No entanto, de dentro do estúdio da artista, em Belo Horizonte, em uma espécie de subsolo, abaixo da piscina da casa e aberto como uma varanda, o que se vê é a projeção de uma vista abrangente e feia da propagação urbana da cidade sobre a paisagem, hoje inteiramente descaracterizada por anos de especulação imobiliária gananciosa, tão típica dos centros de médio e grande porte brasileiros. Do interior deste pequeno estúdio, nos deparamos com uma das questões fundamentais das telas da Patrícia: não representariam elas uma espécie de arqueologia do olhar?; de paisagens passadas hoje submersas pelo peso da ocupação de todos os espaços? Essa não seria, porém, uma interpretação local e pessoal do trabalho da artista?; e não poderia ser, quando nos encontramos em lugar estranho – na cinzenta periferia de Colônia no inverno, por exemplo –, inversamente pensada como a melancolia do deslocamento e a consequente perda de um panorama querido? Será que as telas de Patrícia evocam as férias almejadas por qualquer pequeno burguês? Uma praia deserta, um circo ou um campo de futebol do interior, uma viagem por um rio ou apenas a disponibilidade de tempo para a contemplação?

Nesta ambiguidade, entre uma imagética extremamente pessoal, em que a escolha de um “tema” parte da própria vivência da artista – uma viagem de férias ou uma cena de um filme recém-assistido –, e outra composta de imagens ideais, idílicas e cobiçadas por todo tipo de gente, reside e se desenvolve uma estrutura de simplificação das formas, das linhas e das cores, o que dá unidade ao trabalho. O ponto de partida não é tanto a origem da imagem em si, mas, antes, a pergunta: dada esta fonte, esta foto que encontrei quando retornei das férias, por exemplo, como posso enxugar seus elementos de modo a lhes dar uma unidade dentro do plano da tela? Que tipo de soluções serão necessárias para abstrair esta imagem, torná-la enxuta e, ainda assim, projetá-la não apenas como paisagem reconhecível mas, também, como pintura da qual emanam novas relações, novos contatos, novas percepções entre duas cores e, portanto, entre elas e a linha que decorre deste encontro. Ao olhar a tela – talvez a melhor expressão seja chassi, já que as pinturas são sobre madeira – nos vemos obrigados a ir além do simples reconhecimento de uma figuração ou “tema” para nos concentrarmos nas cores, que compõem uma linha ou a massa de uma forma.

Este arcabouço de simplificação formal – que estrutura ou embasa a paisagem que remete a desejos e memórias da artista – também implica uma relação de afeto da pintora com a tradição pictórica passada, que igualmente utilizou-se desta base. Aqui, dá-se um diálogo direto – internalizado no trabalho, entretanto – com pintores que flertaram com o legado europeu e que partiram de um ponto de vista da arte popular, como Volpi e suas bandeiras, ou como Lorenzato e seus caminhos de terra e suas árvores, para citar apenas brasileiros. Pintores que instigaram um olhar não somente sobre a figuração ou um “tema”, mas sobre suas soluções formais, principalmente quando pequenas, modestas e pessoais. São soluções compromissadas com a pintura e, secundariamente, com aquilo que representam na realidade.

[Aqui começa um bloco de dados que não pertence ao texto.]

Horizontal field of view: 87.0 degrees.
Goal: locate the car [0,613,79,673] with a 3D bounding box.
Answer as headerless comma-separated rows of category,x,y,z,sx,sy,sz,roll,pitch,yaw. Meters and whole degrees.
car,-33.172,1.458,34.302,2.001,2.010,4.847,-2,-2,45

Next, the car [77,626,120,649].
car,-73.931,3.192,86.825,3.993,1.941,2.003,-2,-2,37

Neste sentido, são formas de cores sobre madeira que talvez encontrem identidade na trajetória de um pintor como Ellsworth Kelly, que se manteve à parte do minimalismo, ainda que buscasse a simplicidade, absolvendo apaixonadamente a abstração por meio de cores sólidas e linhas.

A mesma relação afetiva que a artista cultiva com as diferentes escolhas de “temas” se estabelece no jogo da construção das estruturas formais, pois a conversa não é com a solução em si, mas com o que nela há de pessoal e intransferível. Como trazer luminosidade em uma linha? Como fazer brilhar um ponto numa tela escura? Estas questões são levantadas e postas em diálogo com pintores de outras gerações, que de certa forma só podem existir no silêncio do olhar e no trabalho duro e diário no estúdio. 

Neste contexto, a obra de Patrícia Leite, já com mais de vinte anos de carreira, pode transitar entre o abstrato e o figurativo, sem hierarquias, por meio de um hedonismo que busca paraísos passados e perdidos, ao mesmo tempo reiterando o prazer, presente, pelo ato de pintar com tintas e pincéis: cores, linhas, formas, composição, tela, imagem.